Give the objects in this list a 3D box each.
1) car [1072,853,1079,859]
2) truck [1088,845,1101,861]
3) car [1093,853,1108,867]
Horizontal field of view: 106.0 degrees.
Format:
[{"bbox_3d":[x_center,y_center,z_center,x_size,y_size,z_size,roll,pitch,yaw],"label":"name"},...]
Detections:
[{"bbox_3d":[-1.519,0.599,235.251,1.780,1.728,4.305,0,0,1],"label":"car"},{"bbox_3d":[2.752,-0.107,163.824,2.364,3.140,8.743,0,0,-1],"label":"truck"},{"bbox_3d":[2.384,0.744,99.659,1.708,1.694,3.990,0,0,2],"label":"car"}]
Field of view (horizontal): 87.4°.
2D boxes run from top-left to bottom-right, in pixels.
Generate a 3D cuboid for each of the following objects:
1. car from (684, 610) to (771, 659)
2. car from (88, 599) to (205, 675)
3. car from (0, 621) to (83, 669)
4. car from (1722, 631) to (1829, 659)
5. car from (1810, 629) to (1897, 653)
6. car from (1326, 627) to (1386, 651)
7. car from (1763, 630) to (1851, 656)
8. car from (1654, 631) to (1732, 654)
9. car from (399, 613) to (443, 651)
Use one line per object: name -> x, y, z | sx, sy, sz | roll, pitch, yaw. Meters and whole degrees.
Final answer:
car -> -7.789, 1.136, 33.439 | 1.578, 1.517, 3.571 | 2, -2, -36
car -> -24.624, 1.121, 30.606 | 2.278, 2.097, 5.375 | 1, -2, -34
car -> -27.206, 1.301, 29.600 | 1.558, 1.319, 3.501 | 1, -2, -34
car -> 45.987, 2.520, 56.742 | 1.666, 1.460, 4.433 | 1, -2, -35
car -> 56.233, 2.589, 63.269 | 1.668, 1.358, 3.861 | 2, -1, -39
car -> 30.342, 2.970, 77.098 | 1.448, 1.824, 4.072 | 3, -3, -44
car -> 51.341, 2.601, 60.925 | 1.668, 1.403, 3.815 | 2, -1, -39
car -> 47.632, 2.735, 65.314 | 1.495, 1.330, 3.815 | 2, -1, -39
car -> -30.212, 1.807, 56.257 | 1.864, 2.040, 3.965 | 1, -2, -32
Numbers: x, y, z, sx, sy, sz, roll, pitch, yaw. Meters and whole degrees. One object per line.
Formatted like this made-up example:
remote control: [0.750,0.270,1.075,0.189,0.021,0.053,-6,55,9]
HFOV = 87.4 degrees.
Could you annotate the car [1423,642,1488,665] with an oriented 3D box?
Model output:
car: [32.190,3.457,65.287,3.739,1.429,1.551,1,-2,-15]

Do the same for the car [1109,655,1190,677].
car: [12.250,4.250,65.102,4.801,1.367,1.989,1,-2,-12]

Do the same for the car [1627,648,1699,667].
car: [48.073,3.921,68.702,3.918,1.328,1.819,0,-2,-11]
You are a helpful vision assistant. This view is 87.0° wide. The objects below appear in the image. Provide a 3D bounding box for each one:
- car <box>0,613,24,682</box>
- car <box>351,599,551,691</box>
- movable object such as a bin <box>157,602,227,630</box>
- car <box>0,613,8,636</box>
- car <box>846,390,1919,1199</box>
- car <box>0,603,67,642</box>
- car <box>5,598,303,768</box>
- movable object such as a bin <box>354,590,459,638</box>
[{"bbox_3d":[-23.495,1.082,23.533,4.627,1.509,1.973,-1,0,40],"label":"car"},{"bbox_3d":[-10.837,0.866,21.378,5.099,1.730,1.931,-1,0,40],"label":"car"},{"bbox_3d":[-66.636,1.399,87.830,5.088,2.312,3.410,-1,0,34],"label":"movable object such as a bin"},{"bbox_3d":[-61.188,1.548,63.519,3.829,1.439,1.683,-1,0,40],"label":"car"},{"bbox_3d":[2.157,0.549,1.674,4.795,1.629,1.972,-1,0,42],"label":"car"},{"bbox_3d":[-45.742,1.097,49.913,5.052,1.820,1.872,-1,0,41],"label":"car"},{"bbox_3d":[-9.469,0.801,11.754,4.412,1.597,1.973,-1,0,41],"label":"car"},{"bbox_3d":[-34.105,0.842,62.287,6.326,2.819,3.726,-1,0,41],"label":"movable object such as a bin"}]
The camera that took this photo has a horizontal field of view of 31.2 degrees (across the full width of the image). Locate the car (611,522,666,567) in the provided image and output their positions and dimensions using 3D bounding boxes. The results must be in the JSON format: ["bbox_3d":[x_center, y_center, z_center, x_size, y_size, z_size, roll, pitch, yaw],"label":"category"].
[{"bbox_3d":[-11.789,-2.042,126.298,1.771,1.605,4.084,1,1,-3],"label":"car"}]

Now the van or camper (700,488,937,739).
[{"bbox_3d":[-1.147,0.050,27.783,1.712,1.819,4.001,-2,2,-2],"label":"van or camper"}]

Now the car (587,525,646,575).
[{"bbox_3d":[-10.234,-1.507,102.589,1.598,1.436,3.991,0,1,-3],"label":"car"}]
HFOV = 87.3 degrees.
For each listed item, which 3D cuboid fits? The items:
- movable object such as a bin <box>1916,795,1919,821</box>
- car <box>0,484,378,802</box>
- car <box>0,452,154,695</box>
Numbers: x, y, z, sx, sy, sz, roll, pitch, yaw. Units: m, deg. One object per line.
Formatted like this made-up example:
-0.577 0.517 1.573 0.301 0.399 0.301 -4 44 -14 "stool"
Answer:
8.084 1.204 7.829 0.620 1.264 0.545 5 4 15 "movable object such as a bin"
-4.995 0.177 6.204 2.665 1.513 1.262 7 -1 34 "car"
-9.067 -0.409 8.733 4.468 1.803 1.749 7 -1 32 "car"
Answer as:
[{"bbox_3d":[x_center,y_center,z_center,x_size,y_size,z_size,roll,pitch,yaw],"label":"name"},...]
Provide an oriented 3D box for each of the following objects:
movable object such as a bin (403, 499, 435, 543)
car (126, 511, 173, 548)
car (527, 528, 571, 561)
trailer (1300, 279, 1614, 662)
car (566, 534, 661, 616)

········

Task directions ::
In the listing above, please copy exactly the lines from the first through the one that contains "Use one line", and no others.

Response below ::
Give the objects in this list a 3D box each.
1) car [1072,853,1079,859]
2) truck [1088,845,1101,861]
3) car [1093,853,1108,867]
Horizontal field of view: 106.0 degrees.
Format:
[{"bbox_3d":[x_center,y_center,z_center,x_size,y_size,z_size,roll,pitch,yaw],"label":"name"},...]
Detections:
[{"bbox_3d":[-1.519,0.599,235.251,1.780,1.728,4.305,0,0,1],"label":"car"},{"bbox_3d":[2.752,-0.107,163.824,2.364,3.140,8.743,0,0,-1],"label":"truck"},{"bbox_3d":[2.384,0.744,99.659,1.708,1.694,3.990,0,0,2],"label":"car"}]
Field of view (horizontal): 87.4°.
2D boxes run from top-left to bottom-right, in pixels.
Generate a 3D cuboid for each of the following objects:
1. car from (684, 610) to (771, 659)
2. car from (88, 599) to (205, 675)
3. car from (0, 621) to (83, 669)
4. car from (1722, 631) to (1829, 659)
5. car from (1810, 629) to (1897, 653)
6. car from (1326, 627) to (1386, 651)
7. car from (1763, 630) to (1851, 656)
8. car from (1654, 631) to (1732, 654)
9. car from (399, 613) to (443, 651)
Use one line per object: name -> x, y, z | sx, sy, sz | roll, pitch, yaw. Meters and whole degrees.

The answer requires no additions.